What to produce:
Within the material below, transcribe exactly the lines from the one holding "case as well." through the one holding "9) bowl (568,158,719,458)", keeping both ends and skipping the rest.

Provided data:
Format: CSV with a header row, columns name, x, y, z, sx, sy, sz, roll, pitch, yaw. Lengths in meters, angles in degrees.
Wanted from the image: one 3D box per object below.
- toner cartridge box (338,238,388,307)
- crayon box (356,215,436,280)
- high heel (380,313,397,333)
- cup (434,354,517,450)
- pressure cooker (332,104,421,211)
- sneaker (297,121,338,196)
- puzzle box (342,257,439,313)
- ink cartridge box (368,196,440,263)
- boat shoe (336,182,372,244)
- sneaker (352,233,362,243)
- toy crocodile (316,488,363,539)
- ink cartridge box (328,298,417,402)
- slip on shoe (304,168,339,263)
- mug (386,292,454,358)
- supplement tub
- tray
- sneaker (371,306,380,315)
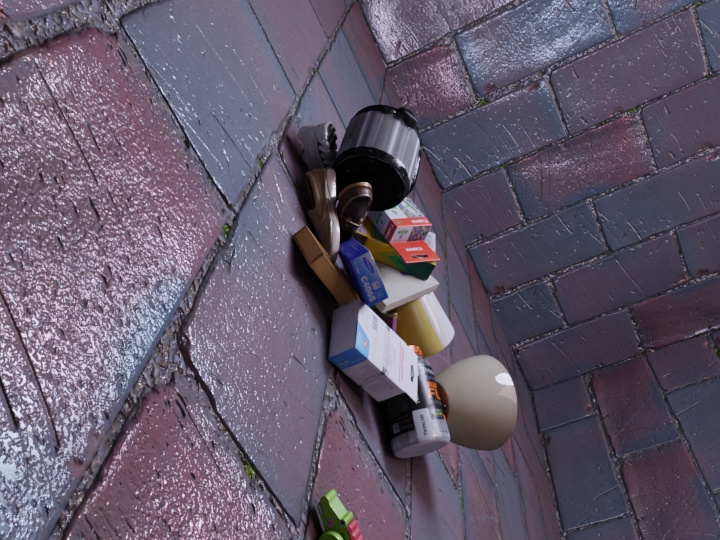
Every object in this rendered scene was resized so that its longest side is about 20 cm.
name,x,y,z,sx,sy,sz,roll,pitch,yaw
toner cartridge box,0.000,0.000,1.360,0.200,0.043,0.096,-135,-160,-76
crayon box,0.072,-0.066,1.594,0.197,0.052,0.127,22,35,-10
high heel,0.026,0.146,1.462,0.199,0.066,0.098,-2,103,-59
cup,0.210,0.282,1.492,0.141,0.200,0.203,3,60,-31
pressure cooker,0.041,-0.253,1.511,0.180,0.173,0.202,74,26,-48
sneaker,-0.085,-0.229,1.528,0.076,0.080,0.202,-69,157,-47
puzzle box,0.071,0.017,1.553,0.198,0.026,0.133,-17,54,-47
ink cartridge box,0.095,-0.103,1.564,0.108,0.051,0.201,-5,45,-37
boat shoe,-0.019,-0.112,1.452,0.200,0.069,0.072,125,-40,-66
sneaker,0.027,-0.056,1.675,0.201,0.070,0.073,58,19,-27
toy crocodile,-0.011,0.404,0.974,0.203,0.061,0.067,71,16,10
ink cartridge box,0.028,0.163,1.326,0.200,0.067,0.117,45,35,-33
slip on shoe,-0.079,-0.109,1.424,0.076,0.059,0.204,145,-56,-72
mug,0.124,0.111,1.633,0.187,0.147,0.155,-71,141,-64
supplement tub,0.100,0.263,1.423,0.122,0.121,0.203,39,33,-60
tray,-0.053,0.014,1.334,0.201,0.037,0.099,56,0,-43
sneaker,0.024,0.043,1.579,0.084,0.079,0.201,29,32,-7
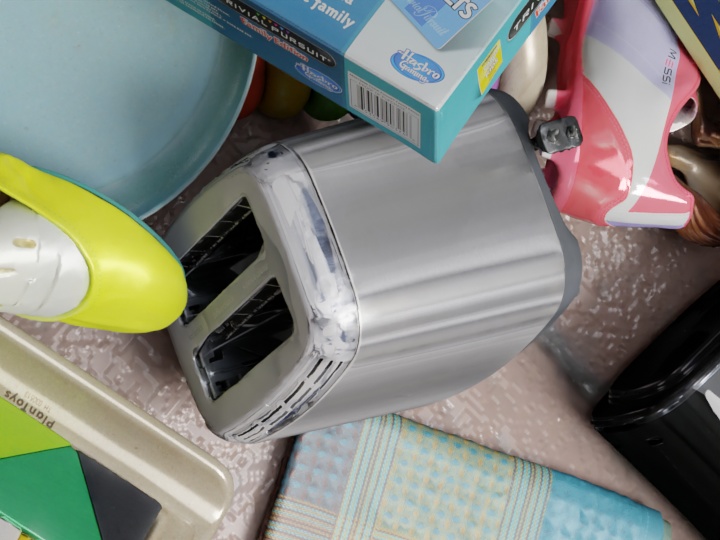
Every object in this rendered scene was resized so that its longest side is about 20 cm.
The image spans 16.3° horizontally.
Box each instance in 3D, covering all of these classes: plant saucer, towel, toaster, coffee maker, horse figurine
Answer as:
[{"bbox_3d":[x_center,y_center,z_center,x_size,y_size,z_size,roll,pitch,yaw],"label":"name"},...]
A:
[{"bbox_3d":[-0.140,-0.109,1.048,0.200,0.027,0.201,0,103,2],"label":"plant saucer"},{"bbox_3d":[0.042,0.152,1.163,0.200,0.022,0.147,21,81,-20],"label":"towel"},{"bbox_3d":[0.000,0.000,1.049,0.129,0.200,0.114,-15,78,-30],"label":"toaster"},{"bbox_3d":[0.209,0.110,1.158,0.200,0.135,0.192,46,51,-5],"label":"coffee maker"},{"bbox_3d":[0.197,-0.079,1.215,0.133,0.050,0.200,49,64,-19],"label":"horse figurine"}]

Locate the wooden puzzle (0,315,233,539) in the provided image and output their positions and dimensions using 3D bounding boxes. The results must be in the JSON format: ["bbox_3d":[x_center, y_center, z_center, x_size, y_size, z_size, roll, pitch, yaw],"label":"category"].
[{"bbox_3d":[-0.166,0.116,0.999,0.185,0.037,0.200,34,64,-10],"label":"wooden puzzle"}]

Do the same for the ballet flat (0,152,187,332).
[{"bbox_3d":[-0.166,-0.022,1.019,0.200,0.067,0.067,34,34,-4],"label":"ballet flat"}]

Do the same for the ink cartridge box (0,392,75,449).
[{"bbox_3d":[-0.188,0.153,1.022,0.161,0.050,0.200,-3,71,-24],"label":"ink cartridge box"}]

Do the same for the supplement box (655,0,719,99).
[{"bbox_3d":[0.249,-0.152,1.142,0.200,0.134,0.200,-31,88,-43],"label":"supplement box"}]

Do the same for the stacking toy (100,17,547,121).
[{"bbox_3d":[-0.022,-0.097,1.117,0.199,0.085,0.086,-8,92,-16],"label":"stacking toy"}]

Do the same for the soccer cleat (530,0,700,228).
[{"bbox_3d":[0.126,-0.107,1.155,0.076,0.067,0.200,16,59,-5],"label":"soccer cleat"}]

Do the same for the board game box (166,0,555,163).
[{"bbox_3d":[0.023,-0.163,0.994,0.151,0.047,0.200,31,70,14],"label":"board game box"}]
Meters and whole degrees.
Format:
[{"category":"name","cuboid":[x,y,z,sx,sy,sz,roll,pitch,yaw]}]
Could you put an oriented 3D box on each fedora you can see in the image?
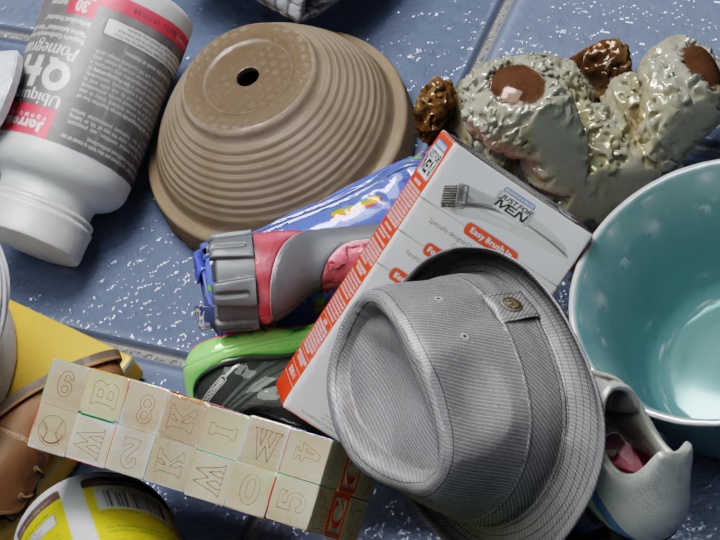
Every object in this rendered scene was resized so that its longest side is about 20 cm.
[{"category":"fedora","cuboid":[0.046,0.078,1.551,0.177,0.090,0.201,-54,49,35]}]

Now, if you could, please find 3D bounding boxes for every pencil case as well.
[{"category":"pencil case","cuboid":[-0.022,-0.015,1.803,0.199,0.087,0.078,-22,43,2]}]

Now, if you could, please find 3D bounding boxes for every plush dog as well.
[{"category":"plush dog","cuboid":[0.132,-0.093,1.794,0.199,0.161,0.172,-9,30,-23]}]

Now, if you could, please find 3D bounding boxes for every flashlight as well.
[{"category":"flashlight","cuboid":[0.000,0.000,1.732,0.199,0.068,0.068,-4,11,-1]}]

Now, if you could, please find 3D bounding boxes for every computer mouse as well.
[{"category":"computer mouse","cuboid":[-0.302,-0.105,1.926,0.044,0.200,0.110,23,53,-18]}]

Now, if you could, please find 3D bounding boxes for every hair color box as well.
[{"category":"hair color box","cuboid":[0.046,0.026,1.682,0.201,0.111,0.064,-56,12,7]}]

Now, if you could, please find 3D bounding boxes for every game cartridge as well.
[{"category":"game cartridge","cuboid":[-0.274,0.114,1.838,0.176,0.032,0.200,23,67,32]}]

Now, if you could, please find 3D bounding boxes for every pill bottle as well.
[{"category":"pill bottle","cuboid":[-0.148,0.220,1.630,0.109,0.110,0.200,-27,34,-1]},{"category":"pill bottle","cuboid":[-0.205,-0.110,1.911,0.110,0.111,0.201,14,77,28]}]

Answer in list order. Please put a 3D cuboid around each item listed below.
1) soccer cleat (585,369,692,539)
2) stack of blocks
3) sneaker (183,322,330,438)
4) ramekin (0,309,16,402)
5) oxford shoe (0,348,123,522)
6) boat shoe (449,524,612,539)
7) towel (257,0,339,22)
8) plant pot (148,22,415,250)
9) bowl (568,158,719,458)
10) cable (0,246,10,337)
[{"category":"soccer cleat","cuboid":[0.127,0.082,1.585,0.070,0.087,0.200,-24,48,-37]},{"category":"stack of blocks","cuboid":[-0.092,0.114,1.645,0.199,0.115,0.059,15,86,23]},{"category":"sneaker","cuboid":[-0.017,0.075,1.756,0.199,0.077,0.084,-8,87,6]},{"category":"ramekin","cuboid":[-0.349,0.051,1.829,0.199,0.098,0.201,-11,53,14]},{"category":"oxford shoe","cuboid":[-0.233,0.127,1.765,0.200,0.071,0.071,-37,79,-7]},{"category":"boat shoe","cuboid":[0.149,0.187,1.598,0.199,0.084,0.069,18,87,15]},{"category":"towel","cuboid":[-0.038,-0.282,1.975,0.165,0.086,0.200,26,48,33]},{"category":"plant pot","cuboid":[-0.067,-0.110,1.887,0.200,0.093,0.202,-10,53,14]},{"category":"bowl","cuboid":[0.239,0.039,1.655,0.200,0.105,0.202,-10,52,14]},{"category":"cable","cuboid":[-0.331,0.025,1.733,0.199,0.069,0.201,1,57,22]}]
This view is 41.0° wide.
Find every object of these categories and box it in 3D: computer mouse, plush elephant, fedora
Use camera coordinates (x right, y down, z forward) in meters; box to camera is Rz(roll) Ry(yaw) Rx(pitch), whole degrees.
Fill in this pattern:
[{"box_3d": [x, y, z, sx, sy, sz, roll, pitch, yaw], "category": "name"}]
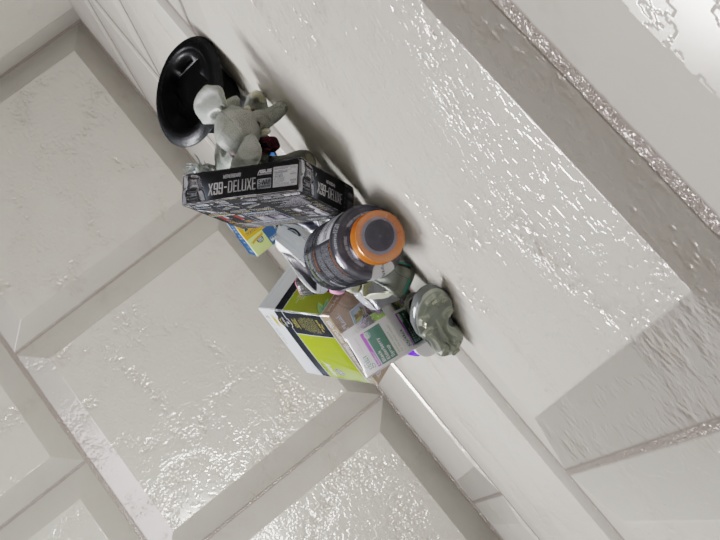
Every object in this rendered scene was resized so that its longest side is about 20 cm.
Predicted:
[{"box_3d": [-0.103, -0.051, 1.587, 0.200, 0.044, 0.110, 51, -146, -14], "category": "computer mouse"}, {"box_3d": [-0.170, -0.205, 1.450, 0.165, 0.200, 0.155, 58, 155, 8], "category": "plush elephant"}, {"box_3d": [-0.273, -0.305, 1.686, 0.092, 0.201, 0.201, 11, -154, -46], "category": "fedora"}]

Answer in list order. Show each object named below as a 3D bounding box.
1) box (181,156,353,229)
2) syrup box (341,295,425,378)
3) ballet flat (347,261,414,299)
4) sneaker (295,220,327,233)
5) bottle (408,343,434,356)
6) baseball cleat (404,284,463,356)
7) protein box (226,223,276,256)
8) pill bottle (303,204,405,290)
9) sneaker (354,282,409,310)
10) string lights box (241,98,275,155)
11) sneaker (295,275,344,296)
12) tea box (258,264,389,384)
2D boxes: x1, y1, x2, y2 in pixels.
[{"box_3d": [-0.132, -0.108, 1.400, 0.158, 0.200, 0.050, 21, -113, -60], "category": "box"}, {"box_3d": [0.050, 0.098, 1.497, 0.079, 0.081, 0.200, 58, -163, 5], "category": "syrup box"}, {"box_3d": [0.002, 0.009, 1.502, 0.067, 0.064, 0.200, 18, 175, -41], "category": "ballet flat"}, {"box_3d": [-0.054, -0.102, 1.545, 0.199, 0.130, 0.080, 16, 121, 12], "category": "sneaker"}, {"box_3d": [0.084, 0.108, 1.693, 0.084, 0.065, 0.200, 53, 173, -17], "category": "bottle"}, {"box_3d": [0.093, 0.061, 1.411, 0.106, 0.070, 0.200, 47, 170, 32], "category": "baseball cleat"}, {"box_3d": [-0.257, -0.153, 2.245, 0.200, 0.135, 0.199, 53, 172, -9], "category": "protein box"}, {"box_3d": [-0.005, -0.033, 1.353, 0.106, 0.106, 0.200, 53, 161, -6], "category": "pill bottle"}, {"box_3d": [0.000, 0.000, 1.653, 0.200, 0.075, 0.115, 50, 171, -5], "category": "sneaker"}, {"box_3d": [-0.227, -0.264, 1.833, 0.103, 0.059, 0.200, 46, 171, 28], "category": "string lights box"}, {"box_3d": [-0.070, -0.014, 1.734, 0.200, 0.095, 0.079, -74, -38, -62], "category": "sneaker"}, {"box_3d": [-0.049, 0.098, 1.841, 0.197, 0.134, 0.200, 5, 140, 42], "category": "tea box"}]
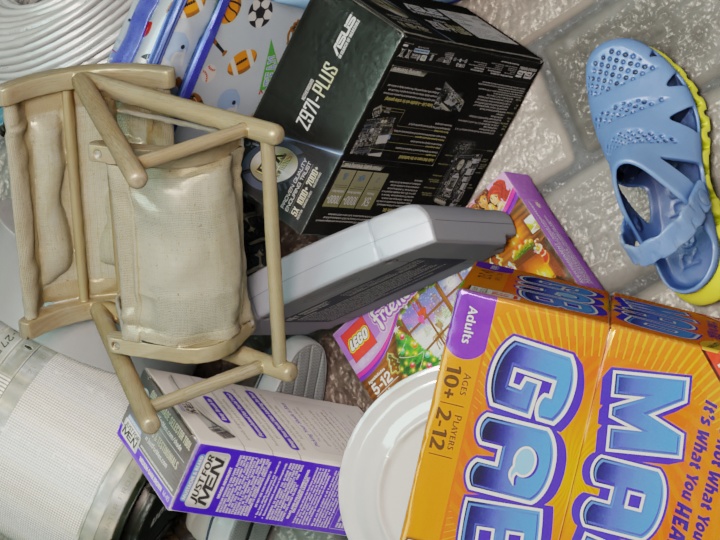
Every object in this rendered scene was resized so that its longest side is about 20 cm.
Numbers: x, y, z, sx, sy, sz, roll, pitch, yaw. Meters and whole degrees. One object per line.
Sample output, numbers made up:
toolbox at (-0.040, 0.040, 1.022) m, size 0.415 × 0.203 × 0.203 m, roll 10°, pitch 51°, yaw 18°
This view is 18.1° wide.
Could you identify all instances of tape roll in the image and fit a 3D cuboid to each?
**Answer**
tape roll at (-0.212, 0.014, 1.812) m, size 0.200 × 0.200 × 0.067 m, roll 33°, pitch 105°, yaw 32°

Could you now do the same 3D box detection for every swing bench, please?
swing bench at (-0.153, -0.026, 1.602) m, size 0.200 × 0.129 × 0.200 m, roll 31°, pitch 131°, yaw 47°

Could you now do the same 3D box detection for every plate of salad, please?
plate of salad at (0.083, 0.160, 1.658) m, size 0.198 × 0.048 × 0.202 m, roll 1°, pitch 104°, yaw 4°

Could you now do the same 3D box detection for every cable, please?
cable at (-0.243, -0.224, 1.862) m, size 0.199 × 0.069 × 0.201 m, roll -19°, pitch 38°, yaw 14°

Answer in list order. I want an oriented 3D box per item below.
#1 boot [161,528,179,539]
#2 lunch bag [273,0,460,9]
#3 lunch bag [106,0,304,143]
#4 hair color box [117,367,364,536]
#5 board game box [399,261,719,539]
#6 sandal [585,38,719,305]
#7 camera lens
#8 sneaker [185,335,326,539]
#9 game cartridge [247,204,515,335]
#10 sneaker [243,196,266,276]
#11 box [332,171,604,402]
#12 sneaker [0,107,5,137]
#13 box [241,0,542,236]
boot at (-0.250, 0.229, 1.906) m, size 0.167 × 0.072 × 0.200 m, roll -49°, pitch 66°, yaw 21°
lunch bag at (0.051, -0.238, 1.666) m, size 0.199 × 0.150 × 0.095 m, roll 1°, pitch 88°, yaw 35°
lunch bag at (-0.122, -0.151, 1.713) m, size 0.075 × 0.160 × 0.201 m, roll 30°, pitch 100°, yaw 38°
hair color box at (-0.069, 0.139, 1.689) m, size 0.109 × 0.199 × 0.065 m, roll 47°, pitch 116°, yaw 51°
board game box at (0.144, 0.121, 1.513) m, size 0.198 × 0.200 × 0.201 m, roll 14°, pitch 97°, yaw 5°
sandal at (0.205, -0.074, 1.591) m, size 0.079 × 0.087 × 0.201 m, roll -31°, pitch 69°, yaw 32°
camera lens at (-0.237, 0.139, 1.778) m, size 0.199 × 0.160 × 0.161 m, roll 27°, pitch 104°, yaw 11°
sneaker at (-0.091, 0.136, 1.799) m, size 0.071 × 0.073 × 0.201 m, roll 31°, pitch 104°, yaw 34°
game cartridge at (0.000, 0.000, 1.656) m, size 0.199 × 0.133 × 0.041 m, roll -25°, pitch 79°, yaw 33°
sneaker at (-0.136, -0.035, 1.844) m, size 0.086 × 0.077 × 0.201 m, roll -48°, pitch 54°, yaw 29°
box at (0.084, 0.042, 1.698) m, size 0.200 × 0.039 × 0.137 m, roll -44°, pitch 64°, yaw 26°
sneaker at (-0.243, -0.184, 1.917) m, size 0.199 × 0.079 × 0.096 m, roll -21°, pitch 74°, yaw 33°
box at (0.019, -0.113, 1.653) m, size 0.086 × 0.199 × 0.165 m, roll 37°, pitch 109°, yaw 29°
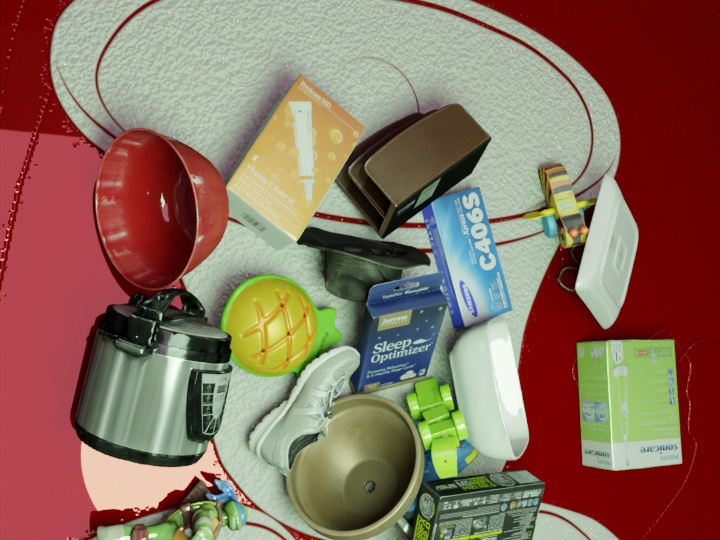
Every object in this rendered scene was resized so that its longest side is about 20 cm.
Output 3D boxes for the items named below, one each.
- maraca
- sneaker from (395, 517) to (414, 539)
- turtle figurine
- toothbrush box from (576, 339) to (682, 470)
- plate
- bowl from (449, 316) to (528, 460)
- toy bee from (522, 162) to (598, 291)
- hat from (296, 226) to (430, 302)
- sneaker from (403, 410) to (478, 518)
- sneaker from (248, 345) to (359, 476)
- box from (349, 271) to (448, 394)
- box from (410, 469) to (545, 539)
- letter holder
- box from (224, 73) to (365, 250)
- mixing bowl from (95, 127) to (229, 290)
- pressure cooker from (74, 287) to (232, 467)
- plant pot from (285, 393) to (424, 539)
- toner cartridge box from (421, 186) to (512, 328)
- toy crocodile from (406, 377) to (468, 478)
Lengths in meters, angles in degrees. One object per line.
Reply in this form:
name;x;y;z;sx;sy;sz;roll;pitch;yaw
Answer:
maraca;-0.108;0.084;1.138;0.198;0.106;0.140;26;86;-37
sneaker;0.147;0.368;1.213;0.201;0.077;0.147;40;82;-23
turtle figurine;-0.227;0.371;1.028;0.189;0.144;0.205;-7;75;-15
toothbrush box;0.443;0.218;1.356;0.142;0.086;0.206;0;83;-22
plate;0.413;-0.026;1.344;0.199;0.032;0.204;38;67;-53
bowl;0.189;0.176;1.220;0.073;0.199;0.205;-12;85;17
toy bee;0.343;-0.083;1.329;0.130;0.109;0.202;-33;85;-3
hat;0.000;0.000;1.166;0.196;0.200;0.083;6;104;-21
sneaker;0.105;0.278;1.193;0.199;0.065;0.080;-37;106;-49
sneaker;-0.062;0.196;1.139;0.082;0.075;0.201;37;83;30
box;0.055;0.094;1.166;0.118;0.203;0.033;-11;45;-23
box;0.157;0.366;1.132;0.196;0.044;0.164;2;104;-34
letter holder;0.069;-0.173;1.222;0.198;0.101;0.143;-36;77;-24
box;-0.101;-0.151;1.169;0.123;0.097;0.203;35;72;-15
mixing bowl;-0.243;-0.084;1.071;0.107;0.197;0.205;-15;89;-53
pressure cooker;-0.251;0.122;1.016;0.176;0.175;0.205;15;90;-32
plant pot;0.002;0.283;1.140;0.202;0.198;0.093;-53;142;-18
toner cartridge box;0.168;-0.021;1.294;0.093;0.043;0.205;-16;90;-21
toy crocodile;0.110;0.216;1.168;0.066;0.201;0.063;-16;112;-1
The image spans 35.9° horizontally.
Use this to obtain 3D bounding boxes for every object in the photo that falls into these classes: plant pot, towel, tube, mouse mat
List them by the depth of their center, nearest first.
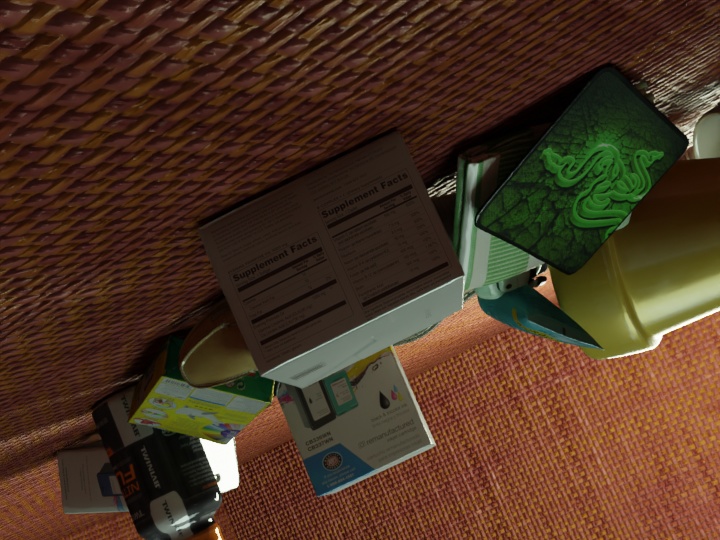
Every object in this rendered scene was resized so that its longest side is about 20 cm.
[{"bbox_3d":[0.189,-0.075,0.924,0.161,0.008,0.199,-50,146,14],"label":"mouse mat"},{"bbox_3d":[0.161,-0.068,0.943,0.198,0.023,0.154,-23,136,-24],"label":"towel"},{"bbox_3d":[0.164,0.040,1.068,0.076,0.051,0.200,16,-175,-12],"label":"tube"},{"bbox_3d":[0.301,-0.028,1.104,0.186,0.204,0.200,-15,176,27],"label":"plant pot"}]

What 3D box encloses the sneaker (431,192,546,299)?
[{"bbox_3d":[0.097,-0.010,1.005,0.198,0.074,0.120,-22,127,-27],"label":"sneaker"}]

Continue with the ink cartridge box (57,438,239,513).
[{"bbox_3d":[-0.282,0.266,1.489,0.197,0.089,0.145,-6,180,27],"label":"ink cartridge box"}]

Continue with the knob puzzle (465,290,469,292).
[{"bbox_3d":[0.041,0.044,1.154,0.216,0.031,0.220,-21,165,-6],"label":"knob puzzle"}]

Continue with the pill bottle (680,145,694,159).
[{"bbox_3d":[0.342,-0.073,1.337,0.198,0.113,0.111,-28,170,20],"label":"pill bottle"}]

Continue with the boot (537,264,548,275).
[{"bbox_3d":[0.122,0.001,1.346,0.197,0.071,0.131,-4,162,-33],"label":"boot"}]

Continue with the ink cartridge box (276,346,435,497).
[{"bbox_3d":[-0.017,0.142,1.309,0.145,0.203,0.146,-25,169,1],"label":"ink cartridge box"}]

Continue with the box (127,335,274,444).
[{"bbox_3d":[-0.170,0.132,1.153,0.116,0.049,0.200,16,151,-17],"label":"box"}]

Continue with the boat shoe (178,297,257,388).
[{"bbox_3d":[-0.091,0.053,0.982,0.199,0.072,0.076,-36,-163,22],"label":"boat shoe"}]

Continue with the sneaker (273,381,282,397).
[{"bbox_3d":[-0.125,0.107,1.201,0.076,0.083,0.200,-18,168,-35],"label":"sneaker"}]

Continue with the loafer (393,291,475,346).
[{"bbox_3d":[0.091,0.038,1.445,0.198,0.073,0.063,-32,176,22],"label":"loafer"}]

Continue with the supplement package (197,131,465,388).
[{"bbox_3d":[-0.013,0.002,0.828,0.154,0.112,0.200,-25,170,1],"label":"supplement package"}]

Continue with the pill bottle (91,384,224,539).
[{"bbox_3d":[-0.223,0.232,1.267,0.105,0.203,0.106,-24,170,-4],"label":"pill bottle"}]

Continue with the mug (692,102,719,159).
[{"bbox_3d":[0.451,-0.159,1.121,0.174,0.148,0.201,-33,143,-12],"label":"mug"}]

Response to the task:
Now, if you could, please find 3D bounding boxes for every pencil case as well.
[{"category":"pencil case","cuboid":[-0.022,-0.015,1.803,0.199,0.087,0.078,-22,43,2]}]

Now, if you could, please find 3D bounding boxes for every plush dog as well.
[{"category":"plush dog","cuboid":[0.132,-0.093,1.794,0.199,0.161,0.172,-9,30,-23]}]

Now, if you could, please find 3D bounding boxes for every flashlight as well.
[{"category":"flashlight","cuboid":[0.000,0.000,1.732,0.199,0.068,0.068,-4,11,-1]}]

Now, if you could, please find 3D bounding boxes for every computer mouse as well.
[{"category":"computer mouse","cuboid":[-0.302,-0.105,1.926,0.044,0.200,0.110,23,53,-18]}]

Now, if you could, please find 3D bounding boxes for every hair color box as well.
[{"category":"hair color box","cuboid":[0.046,0.026,1.682,0.201,0.111,0.064,-56,12,7]}]

Now, if you could, please find 3D bounding boxes for every game cartridge as well.
[{"category":"game cartridge","cuboid":[-0.274,0.114,1.838,0.176,0.032,0.200,23,67,32]}]

Now, if you could, please find 3D bounding boxes for every pill bottle as well.
[{"category":"pill bottle","cuboid":[-0.148,0.220,1.630,0.109,0.110,0.200,-27,34,-1]},{"category":"pill bottle","cuboid":[-0.205,-0.110,1.911,0.110,0.111,0.201,14,77,28]}]

Answer in list order. Please put a 3D cuboid around each item listed below.
1) soccer cleat (585,369,692,539)
2) stack of blocks
3) sneaker (183,322,330,438)
4) ramekin (0,309,16,402)
5) oxford shoe (0,348,123,522)
6) boat shoe (449,524,612,539)
7) towel (257,0,339,22)
8) plant pot (148,22,415,250)
9) bowl (568,158,719,458)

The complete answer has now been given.